Data excerpts

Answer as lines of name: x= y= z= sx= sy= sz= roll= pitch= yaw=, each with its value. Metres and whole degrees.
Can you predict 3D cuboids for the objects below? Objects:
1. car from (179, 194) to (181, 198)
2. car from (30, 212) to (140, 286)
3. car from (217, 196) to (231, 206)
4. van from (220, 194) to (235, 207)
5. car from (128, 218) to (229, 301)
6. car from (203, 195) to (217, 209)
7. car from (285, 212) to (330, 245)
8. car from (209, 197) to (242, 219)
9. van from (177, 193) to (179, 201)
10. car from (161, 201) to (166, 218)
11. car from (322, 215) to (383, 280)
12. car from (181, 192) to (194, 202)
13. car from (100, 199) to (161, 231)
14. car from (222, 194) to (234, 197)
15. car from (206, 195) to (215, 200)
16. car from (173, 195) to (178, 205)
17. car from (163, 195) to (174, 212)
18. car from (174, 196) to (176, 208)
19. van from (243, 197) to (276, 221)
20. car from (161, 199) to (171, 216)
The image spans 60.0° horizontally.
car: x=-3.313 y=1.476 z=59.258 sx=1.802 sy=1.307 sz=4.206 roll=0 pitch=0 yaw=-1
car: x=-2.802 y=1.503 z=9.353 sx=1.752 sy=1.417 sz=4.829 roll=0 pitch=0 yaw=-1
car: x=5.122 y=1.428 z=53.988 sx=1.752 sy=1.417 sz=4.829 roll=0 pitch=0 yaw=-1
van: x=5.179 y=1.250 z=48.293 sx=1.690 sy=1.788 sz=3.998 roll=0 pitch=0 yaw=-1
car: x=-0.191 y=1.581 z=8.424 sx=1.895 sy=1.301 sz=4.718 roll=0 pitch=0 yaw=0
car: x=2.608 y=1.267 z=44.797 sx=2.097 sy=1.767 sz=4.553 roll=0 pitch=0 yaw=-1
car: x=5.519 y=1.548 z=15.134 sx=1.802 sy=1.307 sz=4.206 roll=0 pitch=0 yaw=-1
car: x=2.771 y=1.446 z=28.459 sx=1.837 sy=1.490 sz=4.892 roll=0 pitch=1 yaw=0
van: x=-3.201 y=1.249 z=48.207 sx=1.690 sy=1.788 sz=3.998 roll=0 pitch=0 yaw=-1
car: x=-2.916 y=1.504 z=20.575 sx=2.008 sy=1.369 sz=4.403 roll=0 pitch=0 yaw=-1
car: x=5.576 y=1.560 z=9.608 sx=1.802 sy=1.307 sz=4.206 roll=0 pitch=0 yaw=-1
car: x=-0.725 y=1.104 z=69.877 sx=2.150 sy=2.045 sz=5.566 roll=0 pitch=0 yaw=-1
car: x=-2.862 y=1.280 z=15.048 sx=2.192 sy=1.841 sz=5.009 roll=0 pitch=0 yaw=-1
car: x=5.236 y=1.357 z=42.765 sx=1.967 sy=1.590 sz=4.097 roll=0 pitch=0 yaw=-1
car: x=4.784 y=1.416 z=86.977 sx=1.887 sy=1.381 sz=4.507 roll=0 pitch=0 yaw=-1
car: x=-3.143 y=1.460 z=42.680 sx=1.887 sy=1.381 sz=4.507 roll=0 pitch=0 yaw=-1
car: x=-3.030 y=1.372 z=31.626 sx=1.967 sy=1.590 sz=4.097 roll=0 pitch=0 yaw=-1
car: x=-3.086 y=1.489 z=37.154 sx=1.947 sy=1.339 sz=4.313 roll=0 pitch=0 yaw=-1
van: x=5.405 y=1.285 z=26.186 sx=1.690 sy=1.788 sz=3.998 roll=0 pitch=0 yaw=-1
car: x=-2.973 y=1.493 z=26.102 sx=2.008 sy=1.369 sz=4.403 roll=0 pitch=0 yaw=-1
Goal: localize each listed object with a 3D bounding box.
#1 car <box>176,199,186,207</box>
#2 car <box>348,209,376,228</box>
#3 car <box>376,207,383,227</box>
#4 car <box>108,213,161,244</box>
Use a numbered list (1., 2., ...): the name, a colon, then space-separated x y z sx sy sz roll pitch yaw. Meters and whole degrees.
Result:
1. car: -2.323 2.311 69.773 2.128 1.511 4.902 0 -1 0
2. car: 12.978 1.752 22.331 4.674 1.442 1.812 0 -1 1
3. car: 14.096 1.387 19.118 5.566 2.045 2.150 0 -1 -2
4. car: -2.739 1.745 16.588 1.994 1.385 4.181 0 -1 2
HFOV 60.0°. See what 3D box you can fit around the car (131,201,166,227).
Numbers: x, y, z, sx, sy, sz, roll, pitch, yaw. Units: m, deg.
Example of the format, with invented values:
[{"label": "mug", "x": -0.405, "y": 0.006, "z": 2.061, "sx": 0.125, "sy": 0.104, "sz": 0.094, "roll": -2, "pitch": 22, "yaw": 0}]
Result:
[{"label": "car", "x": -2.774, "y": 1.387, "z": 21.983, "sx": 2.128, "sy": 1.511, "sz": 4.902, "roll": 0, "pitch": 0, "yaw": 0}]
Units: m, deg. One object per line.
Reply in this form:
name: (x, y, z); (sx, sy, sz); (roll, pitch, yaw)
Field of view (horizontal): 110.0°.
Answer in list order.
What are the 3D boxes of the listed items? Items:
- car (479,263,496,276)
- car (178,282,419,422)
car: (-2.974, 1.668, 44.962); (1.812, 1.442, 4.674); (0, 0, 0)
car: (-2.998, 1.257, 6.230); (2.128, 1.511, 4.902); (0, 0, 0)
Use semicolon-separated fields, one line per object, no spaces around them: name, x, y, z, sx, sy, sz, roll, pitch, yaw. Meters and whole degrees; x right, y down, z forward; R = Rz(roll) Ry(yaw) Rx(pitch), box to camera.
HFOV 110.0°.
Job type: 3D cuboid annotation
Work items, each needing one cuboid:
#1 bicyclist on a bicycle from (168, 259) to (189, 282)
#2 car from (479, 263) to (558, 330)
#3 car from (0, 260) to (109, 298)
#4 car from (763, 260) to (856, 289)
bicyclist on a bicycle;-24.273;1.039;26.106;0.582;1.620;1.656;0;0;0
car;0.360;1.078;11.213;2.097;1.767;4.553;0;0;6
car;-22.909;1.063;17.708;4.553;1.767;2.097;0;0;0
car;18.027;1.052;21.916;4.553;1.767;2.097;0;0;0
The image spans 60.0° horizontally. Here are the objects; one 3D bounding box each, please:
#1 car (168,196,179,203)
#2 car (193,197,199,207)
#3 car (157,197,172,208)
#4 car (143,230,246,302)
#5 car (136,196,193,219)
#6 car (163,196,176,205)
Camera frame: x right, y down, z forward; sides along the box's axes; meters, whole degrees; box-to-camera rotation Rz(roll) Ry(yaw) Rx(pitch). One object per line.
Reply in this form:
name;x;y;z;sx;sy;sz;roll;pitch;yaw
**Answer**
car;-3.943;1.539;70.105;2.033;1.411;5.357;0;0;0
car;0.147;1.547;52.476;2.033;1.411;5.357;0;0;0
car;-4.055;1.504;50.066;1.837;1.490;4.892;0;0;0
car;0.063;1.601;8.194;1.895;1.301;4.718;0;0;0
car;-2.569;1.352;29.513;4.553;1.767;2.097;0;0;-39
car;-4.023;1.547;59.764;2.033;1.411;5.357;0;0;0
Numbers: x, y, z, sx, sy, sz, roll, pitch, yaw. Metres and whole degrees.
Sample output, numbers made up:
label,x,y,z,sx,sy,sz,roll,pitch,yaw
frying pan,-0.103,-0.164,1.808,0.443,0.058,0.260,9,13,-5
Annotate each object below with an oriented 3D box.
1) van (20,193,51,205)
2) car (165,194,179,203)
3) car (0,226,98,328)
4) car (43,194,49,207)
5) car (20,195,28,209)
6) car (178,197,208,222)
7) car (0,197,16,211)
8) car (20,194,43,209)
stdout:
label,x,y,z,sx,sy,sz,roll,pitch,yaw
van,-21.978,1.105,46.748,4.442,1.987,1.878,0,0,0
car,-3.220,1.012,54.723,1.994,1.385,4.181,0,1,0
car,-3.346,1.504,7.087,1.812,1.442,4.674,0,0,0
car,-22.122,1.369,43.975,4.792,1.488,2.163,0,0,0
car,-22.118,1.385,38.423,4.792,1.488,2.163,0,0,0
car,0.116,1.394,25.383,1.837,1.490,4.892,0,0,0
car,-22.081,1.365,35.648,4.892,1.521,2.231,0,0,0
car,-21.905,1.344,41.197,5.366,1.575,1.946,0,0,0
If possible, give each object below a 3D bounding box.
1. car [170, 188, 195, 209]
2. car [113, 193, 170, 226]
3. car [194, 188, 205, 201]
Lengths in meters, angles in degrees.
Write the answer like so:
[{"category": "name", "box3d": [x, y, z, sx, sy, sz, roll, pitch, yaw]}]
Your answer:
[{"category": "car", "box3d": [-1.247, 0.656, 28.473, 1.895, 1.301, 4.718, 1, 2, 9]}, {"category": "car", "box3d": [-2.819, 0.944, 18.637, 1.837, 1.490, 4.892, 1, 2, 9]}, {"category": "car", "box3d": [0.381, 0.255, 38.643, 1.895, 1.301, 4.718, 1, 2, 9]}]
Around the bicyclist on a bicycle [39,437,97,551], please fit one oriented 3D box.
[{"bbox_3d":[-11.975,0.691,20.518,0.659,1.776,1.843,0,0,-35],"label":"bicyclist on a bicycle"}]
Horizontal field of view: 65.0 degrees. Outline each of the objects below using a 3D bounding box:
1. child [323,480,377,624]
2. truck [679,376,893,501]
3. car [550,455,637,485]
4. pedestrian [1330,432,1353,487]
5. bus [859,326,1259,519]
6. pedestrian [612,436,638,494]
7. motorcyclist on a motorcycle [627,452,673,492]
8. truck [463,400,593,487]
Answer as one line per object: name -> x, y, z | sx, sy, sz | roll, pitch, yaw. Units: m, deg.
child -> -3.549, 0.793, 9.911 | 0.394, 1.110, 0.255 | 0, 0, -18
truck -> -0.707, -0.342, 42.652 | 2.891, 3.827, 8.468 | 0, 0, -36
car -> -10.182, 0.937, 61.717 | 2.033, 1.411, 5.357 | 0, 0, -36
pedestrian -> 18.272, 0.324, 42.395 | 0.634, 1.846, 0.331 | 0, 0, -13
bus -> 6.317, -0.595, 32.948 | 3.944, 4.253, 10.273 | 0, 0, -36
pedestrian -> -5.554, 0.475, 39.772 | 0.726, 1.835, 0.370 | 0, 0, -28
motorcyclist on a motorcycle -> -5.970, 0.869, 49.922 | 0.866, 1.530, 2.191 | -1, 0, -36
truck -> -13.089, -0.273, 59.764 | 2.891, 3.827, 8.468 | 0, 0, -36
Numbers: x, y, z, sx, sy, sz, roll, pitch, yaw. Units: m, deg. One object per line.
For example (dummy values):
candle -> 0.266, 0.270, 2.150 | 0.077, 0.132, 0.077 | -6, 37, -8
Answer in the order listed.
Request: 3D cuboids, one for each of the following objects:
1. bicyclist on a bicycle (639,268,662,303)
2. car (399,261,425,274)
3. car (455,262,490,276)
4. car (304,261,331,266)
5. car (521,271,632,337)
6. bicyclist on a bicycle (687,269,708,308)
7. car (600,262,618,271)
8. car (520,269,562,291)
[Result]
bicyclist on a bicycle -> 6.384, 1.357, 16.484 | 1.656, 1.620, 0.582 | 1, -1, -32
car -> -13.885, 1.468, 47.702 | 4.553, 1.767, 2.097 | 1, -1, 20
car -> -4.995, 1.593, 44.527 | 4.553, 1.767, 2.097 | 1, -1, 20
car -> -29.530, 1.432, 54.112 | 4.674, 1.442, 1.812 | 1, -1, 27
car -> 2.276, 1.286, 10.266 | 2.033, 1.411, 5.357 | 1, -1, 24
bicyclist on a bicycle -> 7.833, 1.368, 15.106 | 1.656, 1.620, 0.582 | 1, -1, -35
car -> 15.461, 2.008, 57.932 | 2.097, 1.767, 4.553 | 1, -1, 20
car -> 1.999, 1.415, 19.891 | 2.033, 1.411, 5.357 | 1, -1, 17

**Task**. Copy word for word the stretch of entries above from the line that has "Write the answer" through the line that has "5. bus [859,326,1259,519]", both ends included, and nothing outside it.

**Answer space**.
Write the answer like so:
[{"category": "name", "box3d": [x, y, z, sx, sy, sz, roll, pitch, yaw]}]
Your answer:
[{"category": "car", "box3d": [-1.247, 0.656, 28.473, 1.895, 1.301, 4.718, 1, 2, 9]}, {"category": "car", "box3d": [-2.819, 0.944, 18.637, 1.837, 1.490, 4.892, 1, 2, 9]}, {"category": "car", "box3d": [0.381, 0.255, 38.643, 1.895, 1.301, 4.718, 1, 2, 9]}]
Around the bicyclist on a bicycle [39,437,97,551], please fit one oriented 3D box.
[{"bbox_3d":[-11.975,0.691,20.518,0.659,1.776,1.843,0,0,-35],"label":"bicyclist on a bicycle"}]
Horizontal field of view: 65.0 degrees. Outline each of the objects below using a 3D bounding box:
1. child [323,480,377,624]
2. truck [679,376,893,501]
3. car [550,455,637,485]
4. pedestrian [1330,432,1353,487]
5. bus [859,326,1259,519]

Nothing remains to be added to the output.